**WHAT IS NEEDED**
Could you restate the entries word for word, without the images?

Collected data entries
════════════════

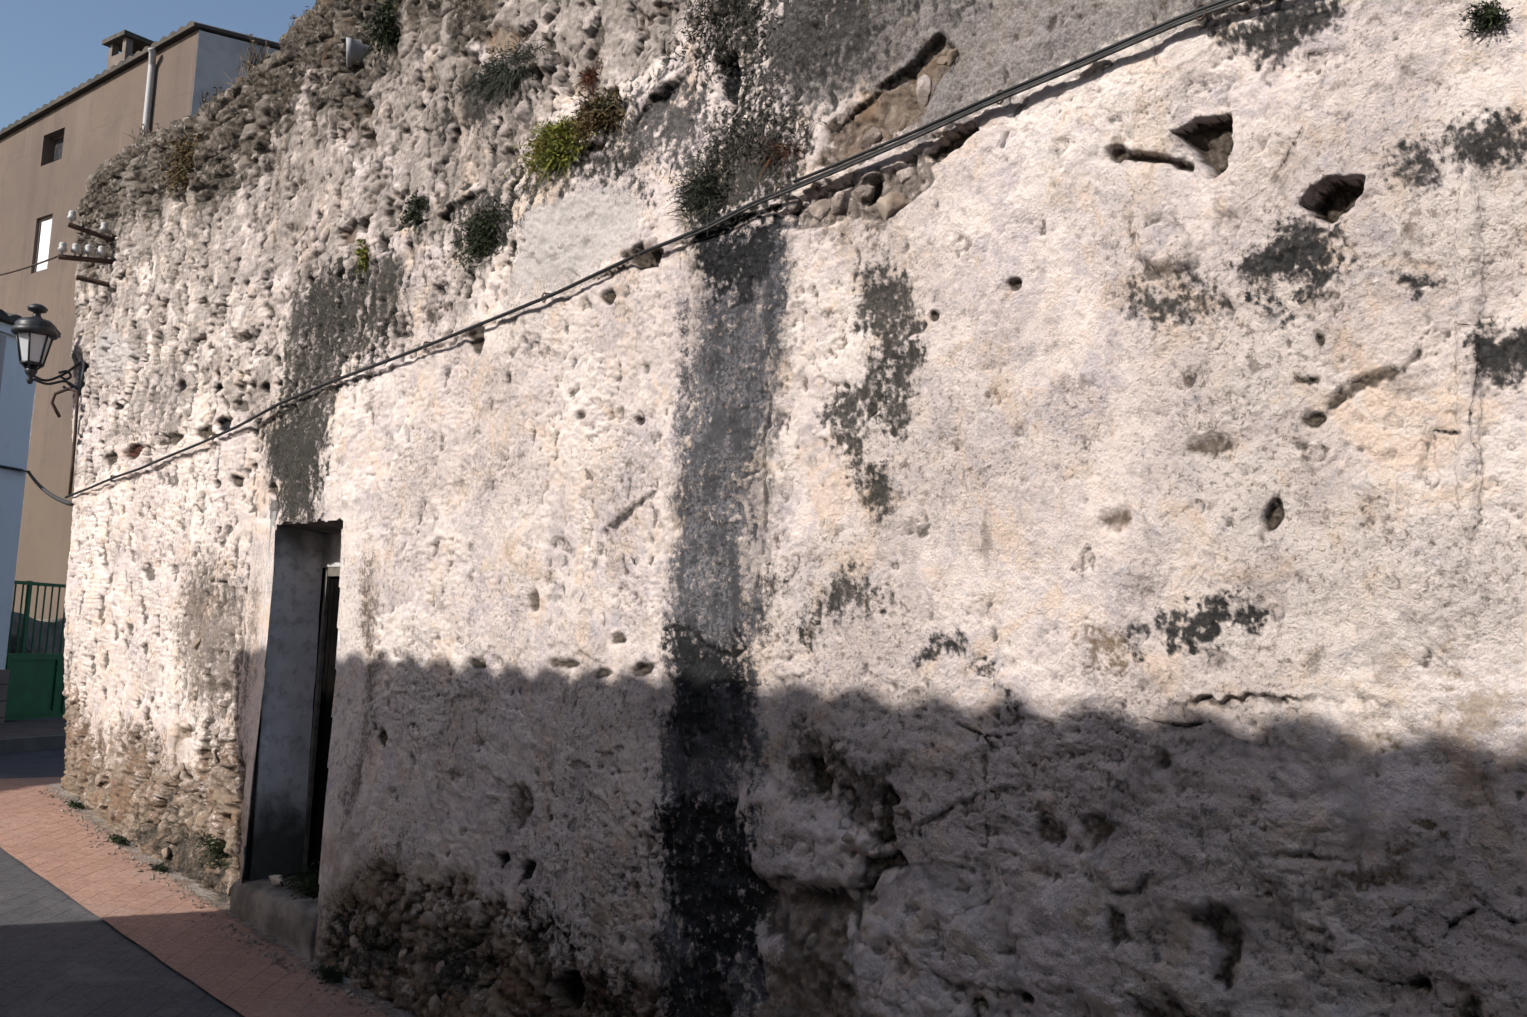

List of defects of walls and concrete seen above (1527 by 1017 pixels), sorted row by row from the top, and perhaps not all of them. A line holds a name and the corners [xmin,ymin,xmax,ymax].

flaking render [787,37,960,234]
damp [254,228,411,526]
damp [815,251,927,523]
damp [1245,288,1295,330]
damp [650,0,894,1017]
flaking render [60,545,248,905]
flaking render [777,713,910,871]
flaking render [316,842,667,1017]
flaking render [746,882,865,1017]
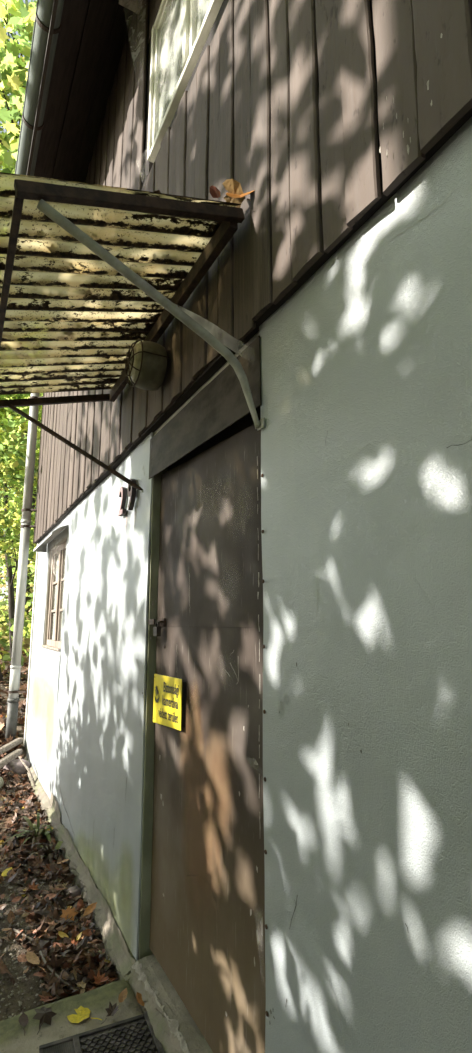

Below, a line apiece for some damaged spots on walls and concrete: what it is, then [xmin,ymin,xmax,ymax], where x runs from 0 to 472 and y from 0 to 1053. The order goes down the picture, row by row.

flaking render [50,792,190,1053]
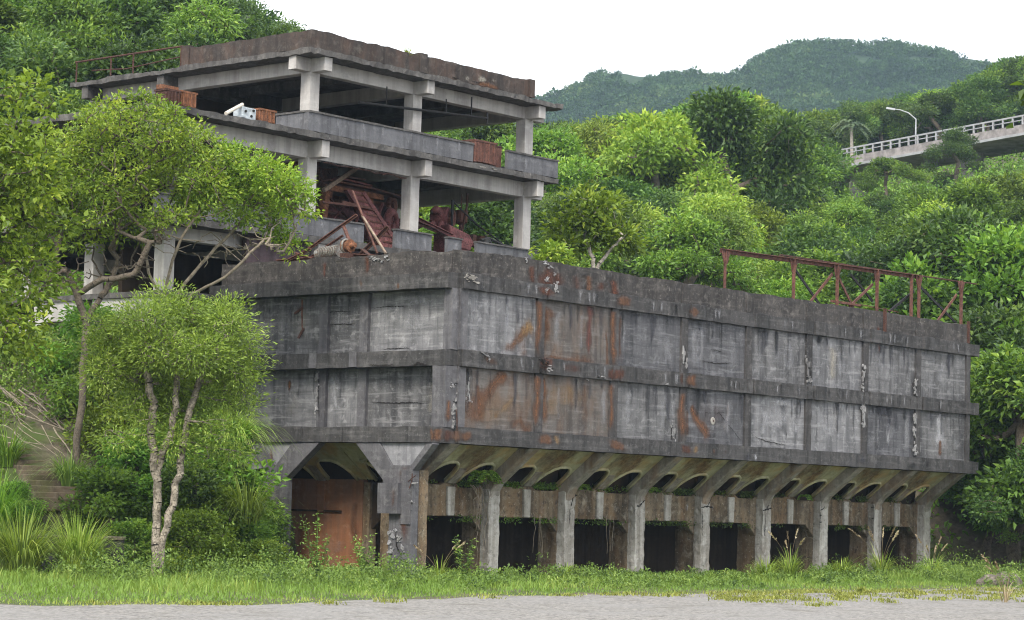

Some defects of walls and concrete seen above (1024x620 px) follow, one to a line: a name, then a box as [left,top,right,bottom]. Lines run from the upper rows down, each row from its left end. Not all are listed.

spalling [543,261,559,293]
rust [508,267,560,348]
spalling [450,377,473,430]
rust [678,375,710,474]
spalling [387,528,405,553]
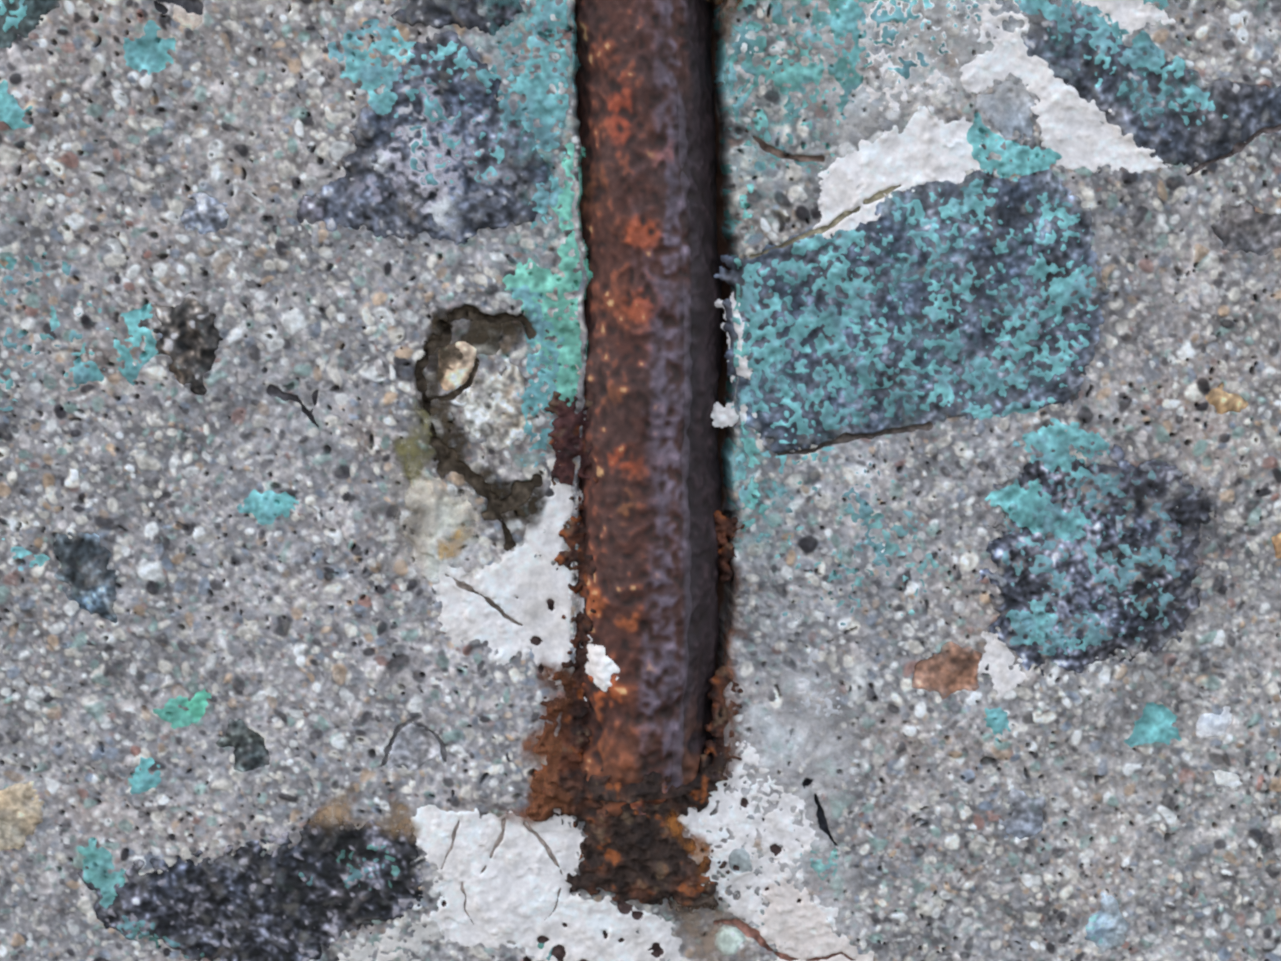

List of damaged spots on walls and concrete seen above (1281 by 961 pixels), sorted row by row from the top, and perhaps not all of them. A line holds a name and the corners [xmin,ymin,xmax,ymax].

peeling [237,489,299,526]
peeling [335,805,682,961]
corrosion [507,391,745,913]
spalling [327,0,1228,817]
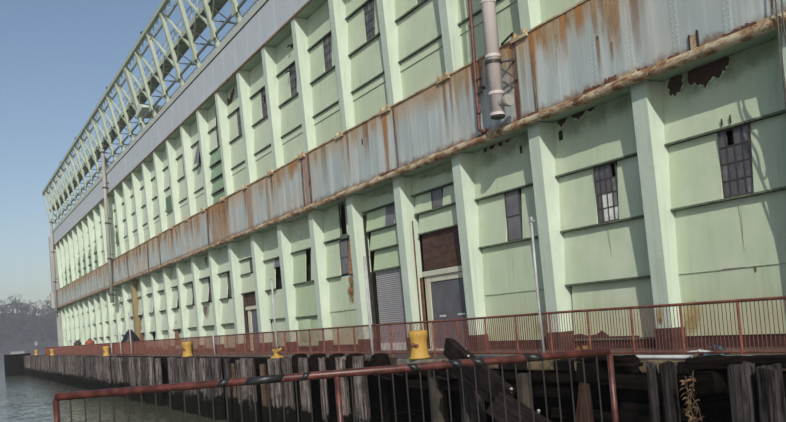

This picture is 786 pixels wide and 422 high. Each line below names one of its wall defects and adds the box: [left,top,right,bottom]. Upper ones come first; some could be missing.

corrosion [424,57,487,110]
corrosion [499,0,619,119]
peeling [667,57,730,97]
corrosion [340,105,399,170]
peeling [557,107,594,128]
corrosion [243,145,324,228]
corrosion [62,197,228,302]
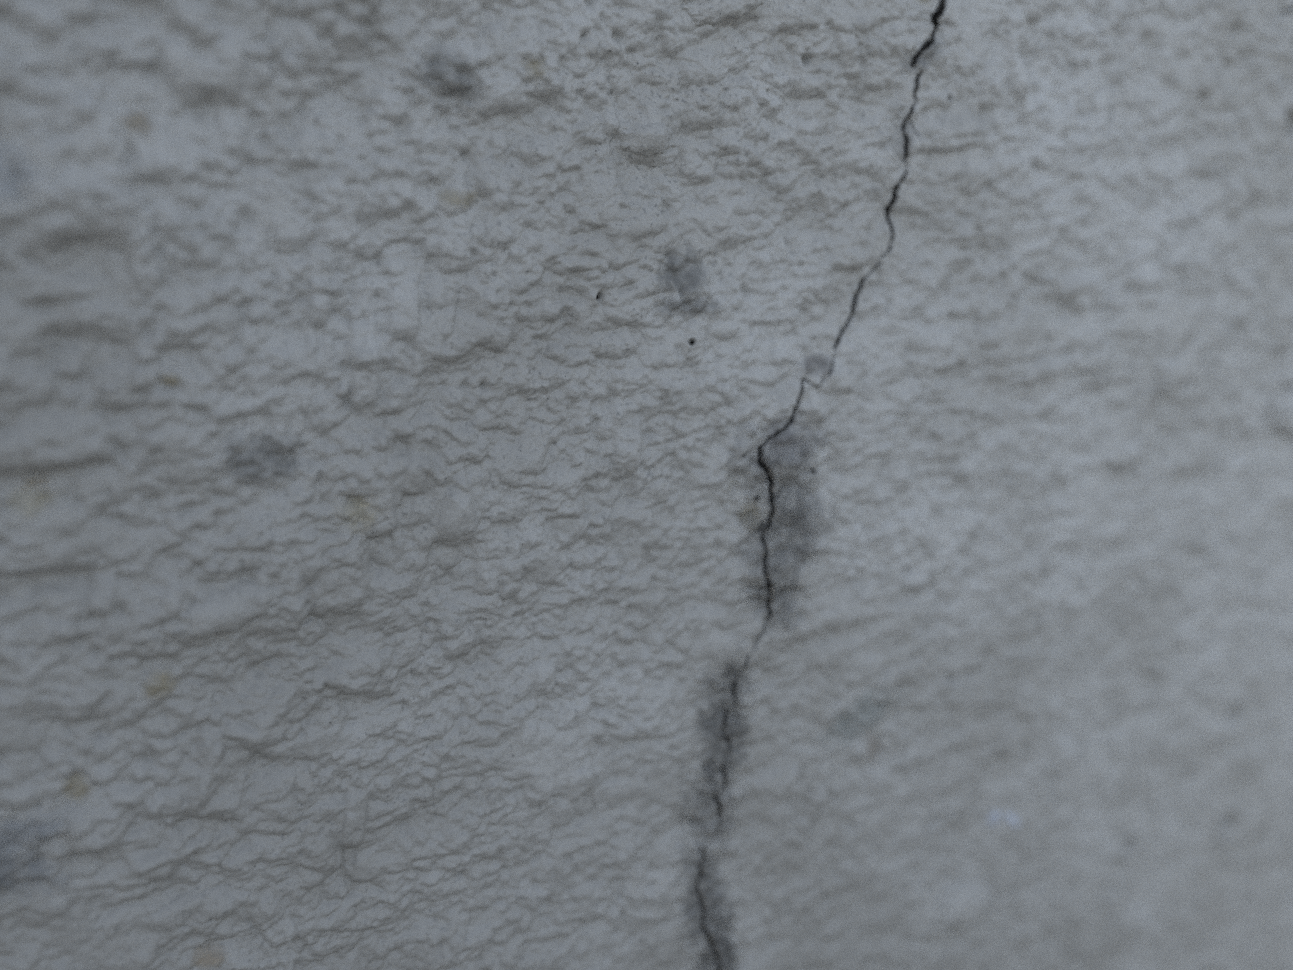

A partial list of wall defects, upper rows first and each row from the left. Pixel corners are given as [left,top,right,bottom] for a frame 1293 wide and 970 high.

crack [696,0,947,970]
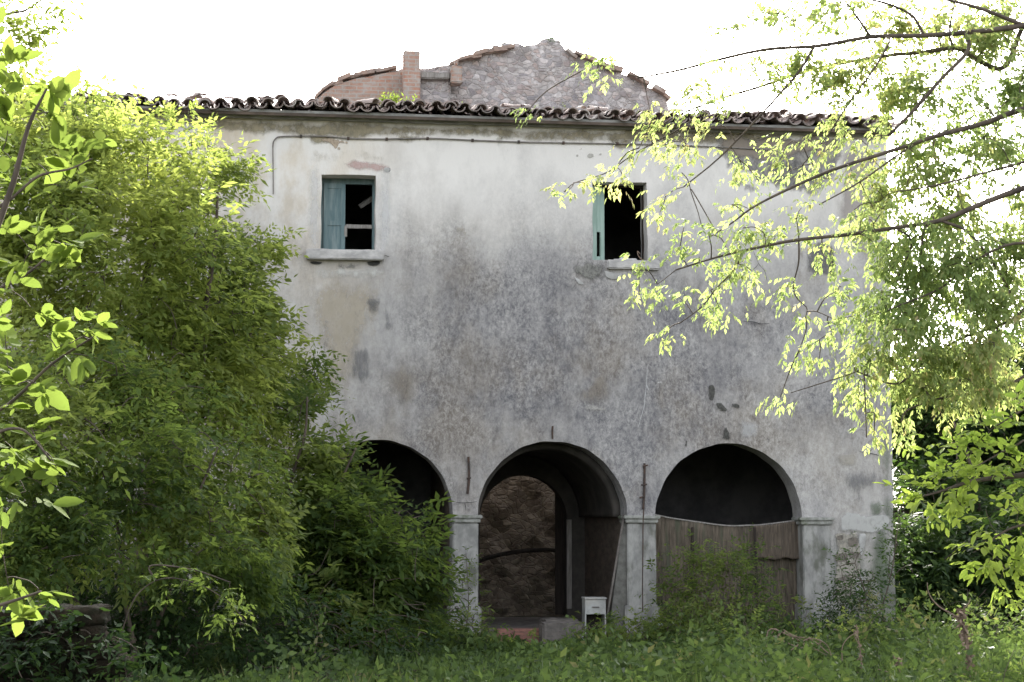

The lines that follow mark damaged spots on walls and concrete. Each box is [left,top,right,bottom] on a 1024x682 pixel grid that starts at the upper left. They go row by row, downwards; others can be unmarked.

flaking render [348,161,390,173]
leakage [317,288,378,383]
flaking render [709,385,739,411]
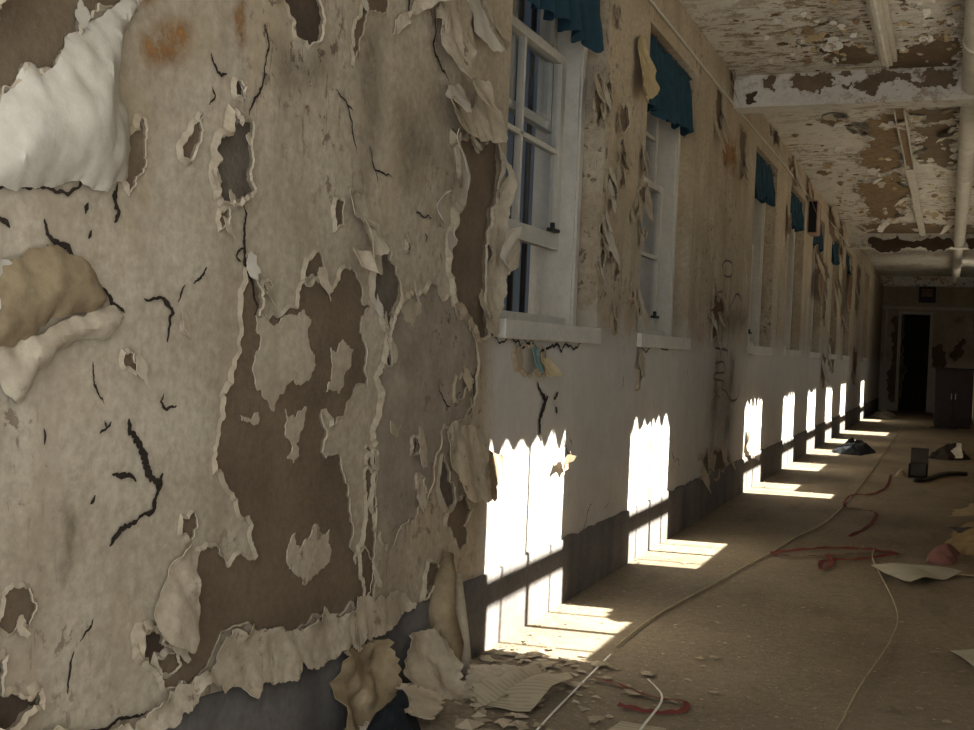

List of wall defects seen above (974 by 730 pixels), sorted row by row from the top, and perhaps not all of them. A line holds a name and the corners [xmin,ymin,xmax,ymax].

peeling [638,36,660,104]
peeling [769,106,974,403]
peeling [115,0,522,730]
crack [491,333,581,353]
spalling [511,340,563,379]
crack [92,363,163,546]
crack [160,394,177,411]
crack [537,382,572,455]
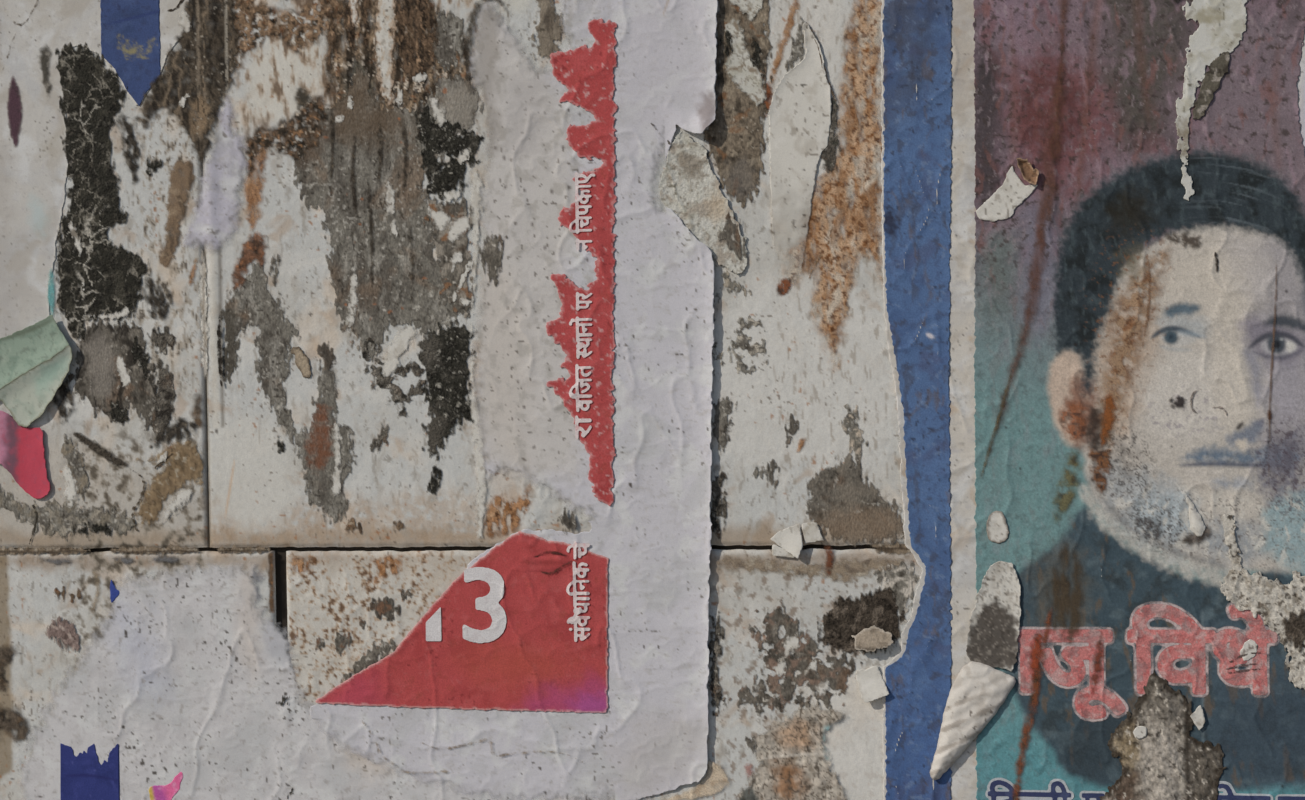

════════════════

**THE ANSWER**
List of defects of walls and concrete seen above (1527 by 1017 pixels), sorted row by row from the top, and perhaps not all of them. A line holds a name and the corners [xmin,ymin,xmax,ymax].

flaking render [787,37,960,234]
damp [254,228,411,526]
damp [815,251,927,523]
damp [1245,288,1295,330]
damp [650,0,894,1017]
flaking render [60,545,248,905]
flaking render [777,713,910,871]
flaking render [316,842,667,1017]
flaking render [746,882,865,1017]

Below, a line apiece for some damaged spots on walls and concrete: what it is, then [xmin,ymin,xmax,ymax], where x runs from 0 to 472 and y from 0 to 1053. The order goes down the picture, row by row.

flaking render [50,792,190,1053]

Some defects of walls and concrete seen above (1024x620 px) follow, one to a line: a name, then a box as [left,top,right,bottom]. Lines run from the upper rows down, each row from its left end. Not all are listed.

spalling [543,261,559,293]
rust [508,267,560,348]
spalling [450,377,473,430]
rust [678,375,710,474]
spalling [387,528,405,553]

List of damaged spots on walls and concrete seen above (1281 by 961 pixels), sorted row by row from the top, and perhaps not all of them. A line holds a name and the corners [xmin,ymin,xmax,ymax].

peeling [237,489,299,526]
peeling [335,805,682,961]
corrosion [507,391,745,913]
spalling [327,0,1228,817]

This picture is 786 pixels wide and 422 high. Each line below names one of its wall defects and adds the box: [left,top,right,bottom]. Upper ones come first; some could be missing.

corrosion [424,57,487,110]
corrosion [499,0,619,119]
peeling [667,57,730,97]
corrosion [340,105,399,170]
peeling [557,107,594,128]
corrosion [243,145,324,228]
corrosion [62,197,228,302]

A partial list of wall defects, upper rows first and each row from the left. Pixel corners are given as [left,top,right,bottom] for a frame 1293 wide and 970 high.

crack [696,0,947,970]

The lines that follow mark damaged spots on walls and concrete. Each box is [left,top,right,bottom] on a 1024x682 pixel grid that starts at the upper left. They go row by row, downwards; others can be unmarked.

flaking render [348,161,390,173]
leakage [317,288,378,383]
flaking render [709,385,739,411]

List of wall defects seen above (974 by 730 pixels), sorted row by row from the top, and perhaps not all of them. A line holds a name and the corners [xmin,ymin,xmax,ymax].

peeling [638,36,660,104]
peeling [769,106,974,403]
peeling [115,0,522,730]
crack [491,333,581,353]
spalling [511,340,563,379]
crack [92,363,163,546]
crack [160,394,177,411]
crack [537,382,572,455]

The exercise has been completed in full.